Le Timon d’Ambroise Bachot obéit à cette même logique. Né vers 1540, Ambroise Bachot est d’une famille de peintres, graveurs et imprimeurs, auprès de laquelle il apprend sans doute le dessin. En 1571, il est au service du célèbre ingénieur Agostino Ramelli, et dessine pour lui. C’est ainsi que du dessin, il embrasse une carrière dans le génie militaire. Devenu capitaine, il publie le Timon en 1587, dans lequel il explique ouvertement être à la recherche d’un protecteur. Le livre est étonnant à plus d’un titre. Entièrement gravé sur cuivre, aucune partie n’est imprimée en caractères mobiles. Cela s’explique sans doute par une volonté d’autoédition, son frère Laurent, graveur qui vit avec lui à la maison de la croix-blanche rue de Seine, n’ayant sans doute qu’une presse à taille-douce et pas d’imprimerie à caractères mobiles52

.

Il est par ailleurs difficile de faire de cette œuvre un simple livre d’inventions.
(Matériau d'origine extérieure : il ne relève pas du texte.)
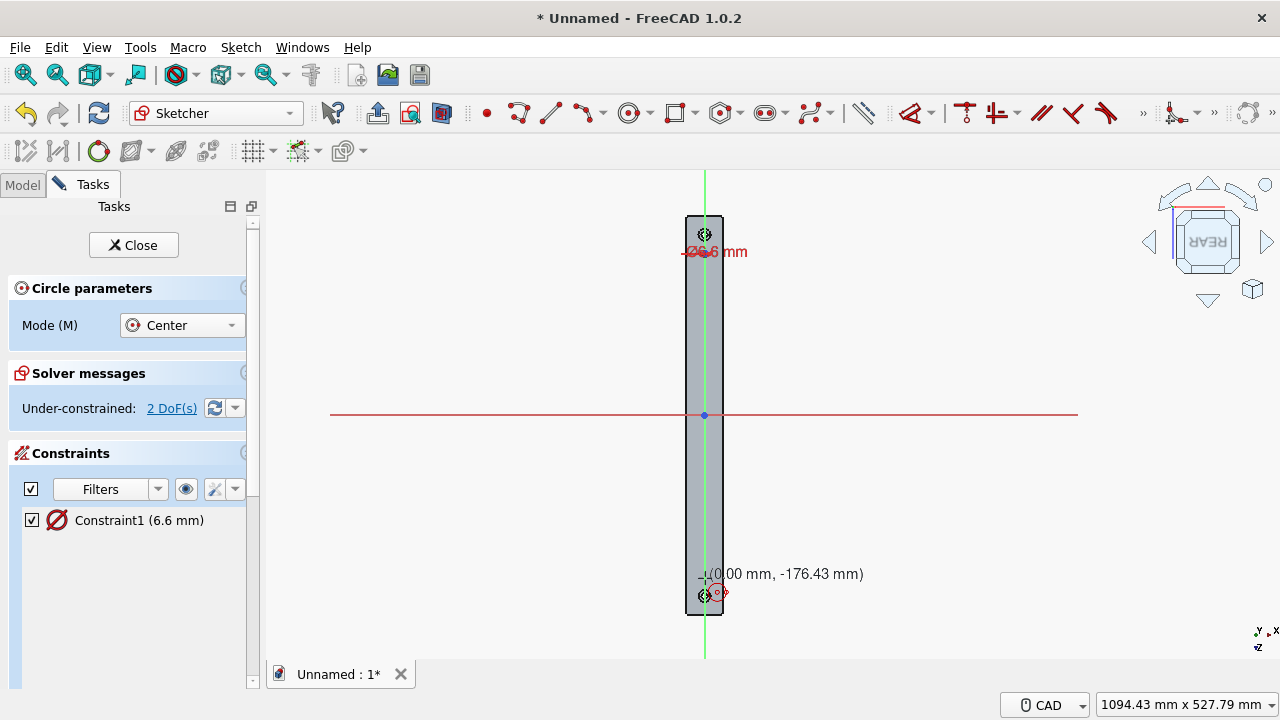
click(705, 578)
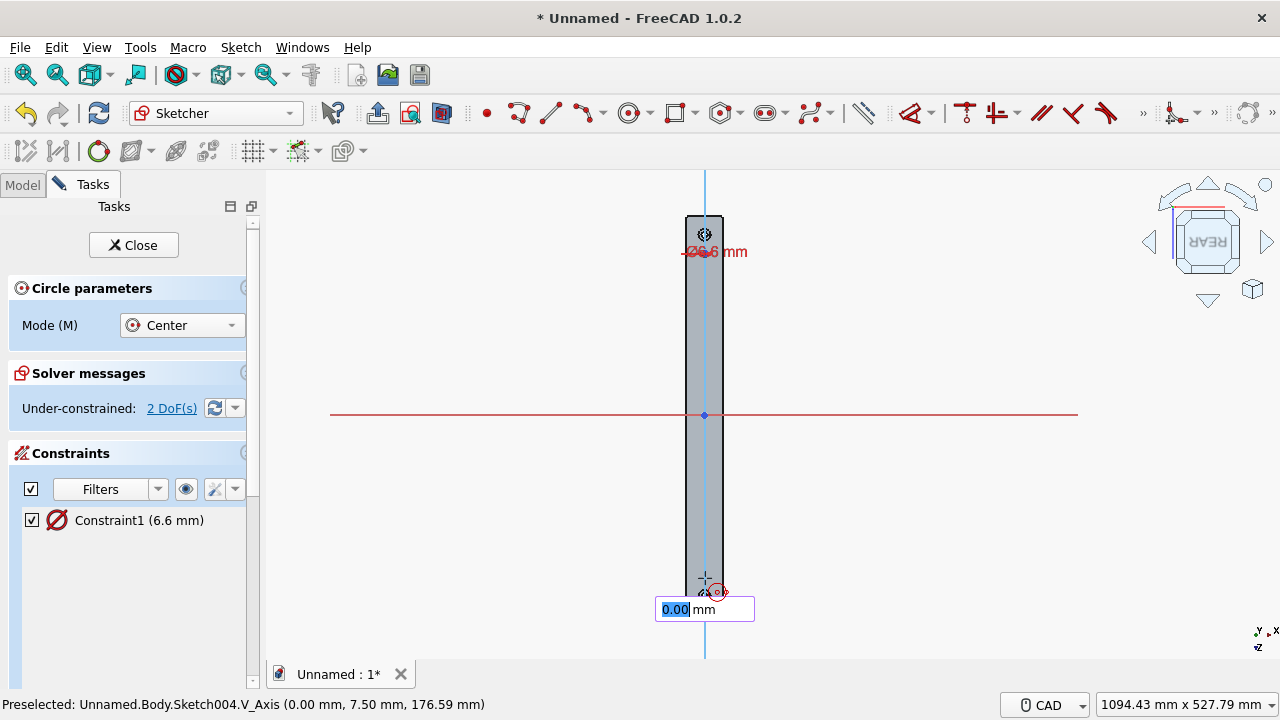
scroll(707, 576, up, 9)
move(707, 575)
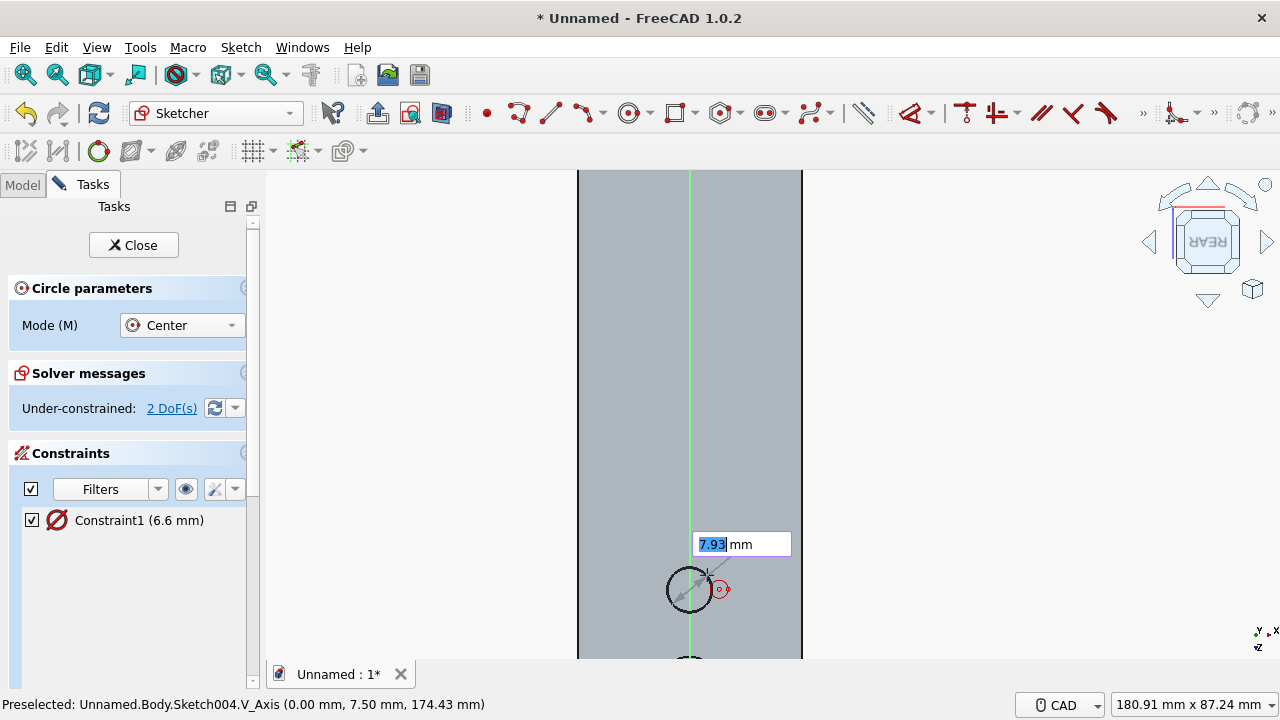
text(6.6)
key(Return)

En effet, le livre est avant tout un traité de fortification53, comprenant des indications de dessin géométrique, d’arpentage et une vision du projet de défense fondée sur l’observation et l’occasion54

. Seules quelques inventions (19 en comptant les inventions militaires et l’instrument « la barque ») sont placées en fin d’ouvrage. Cependant, l’insistance de l’auteur sur la paternité de ses inventions, la syntaxe des très courtes légendes et surtout sa dédicace à Louis de Nogaret, conseiller du roi et grand chef militaire, qui reprend les même arguments des autres livres d’inventions permettent de le faire entrer dans cette tradition. L’objectif est toujours d’avancer dans sa carrière (vraisemblablement, son maître Ramelli venait de prendre sa retraite), promettant là encore une augmentation de son œuvre : « Jay esté conseillé par mon bon Génie de chercher a ce petit coup d’essay, avantcoureur d’autre chef d’œuvre ». En attendant, les explications étant plus que sommaires, l’auteur, malin, invite tout lecteur intéressé à venir quérir de nouvelles informations directement chez lui, où il pourra mettre en valeur tout son savoir.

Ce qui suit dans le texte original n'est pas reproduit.